— TASK MATERIAL —
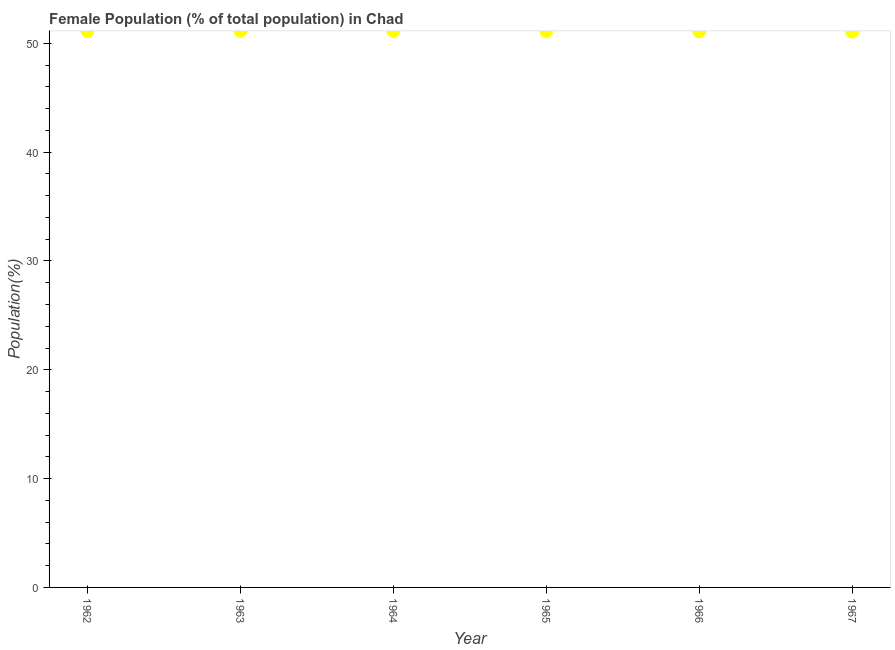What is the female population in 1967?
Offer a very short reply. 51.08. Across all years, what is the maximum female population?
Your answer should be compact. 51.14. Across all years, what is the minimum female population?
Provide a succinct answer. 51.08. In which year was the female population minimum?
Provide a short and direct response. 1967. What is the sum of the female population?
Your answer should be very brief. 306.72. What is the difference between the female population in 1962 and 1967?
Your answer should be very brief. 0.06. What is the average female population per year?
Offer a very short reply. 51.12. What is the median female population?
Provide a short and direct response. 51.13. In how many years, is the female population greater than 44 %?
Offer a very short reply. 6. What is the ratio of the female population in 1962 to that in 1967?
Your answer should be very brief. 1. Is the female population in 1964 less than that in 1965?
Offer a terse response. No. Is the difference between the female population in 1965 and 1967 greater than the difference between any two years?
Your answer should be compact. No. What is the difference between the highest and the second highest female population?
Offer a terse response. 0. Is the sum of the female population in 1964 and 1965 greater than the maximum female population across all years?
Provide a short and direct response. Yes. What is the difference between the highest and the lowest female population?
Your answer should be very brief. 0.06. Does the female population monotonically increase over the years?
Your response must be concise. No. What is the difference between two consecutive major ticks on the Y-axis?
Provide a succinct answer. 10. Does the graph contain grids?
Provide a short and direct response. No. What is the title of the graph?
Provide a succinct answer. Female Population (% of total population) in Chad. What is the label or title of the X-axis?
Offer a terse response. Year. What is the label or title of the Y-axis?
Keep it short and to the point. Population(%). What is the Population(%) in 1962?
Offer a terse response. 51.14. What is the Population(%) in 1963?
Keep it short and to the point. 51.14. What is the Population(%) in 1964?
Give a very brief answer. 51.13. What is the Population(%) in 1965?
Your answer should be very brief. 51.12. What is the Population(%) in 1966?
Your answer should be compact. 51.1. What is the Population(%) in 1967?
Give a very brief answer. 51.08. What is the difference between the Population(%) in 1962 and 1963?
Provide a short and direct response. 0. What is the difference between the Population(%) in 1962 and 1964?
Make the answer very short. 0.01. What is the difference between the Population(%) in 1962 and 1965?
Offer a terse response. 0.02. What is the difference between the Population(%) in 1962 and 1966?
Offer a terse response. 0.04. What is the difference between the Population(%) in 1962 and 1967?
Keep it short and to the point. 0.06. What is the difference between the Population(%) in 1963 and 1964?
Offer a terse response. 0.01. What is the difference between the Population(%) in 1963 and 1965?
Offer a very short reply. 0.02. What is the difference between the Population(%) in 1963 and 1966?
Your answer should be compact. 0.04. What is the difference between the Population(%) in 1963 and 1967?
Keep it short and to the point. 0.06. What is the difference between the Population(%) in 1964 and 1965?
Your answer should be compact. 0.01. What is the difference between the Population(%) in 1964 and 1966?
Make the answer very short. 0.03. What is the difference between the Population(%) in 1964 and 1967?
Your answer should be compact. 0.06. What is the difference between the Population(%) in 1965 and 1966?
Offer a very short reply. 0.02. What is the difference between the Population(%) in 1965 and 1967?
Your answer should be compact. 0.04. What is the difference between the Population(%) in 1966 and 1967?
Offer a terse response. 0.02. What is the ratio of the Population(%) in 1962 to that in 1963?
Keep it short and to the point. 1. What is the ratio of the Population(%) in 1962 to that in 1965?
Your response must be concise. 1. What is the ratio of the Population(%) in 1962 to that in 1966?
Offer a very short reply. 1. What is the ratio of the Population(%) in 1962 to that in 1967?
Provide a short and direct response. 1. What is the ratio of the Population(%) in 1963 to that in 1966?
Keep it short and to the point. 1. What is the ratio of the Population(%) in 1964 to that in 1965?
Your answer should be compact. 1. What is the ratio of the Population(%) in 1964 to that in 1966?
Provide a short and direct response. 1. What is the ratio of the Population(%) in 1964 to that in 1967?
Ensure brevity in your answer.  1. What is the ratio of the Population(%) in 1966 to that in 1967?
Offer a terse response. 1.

...

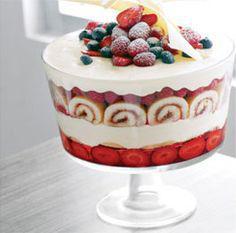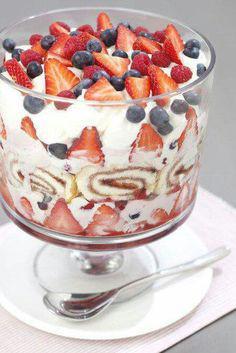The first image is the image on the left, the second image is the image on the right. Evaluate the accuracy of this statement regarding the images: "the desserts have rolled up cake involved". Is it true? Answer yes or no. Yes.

— PROBLEM DESCRIPTION —
Each line of the data that holds "axis" should be copied.

— EXPECTED OUTPUT —
Your response must be concise. No. What is the difference between two consecutive major ticks on the Y-axis?
Provide a succinct answer. Female Population (% of total population) in Chad. What is the label or title of the X-axis?
Offer a terse response. Year. What is the label or title of the Y-axis?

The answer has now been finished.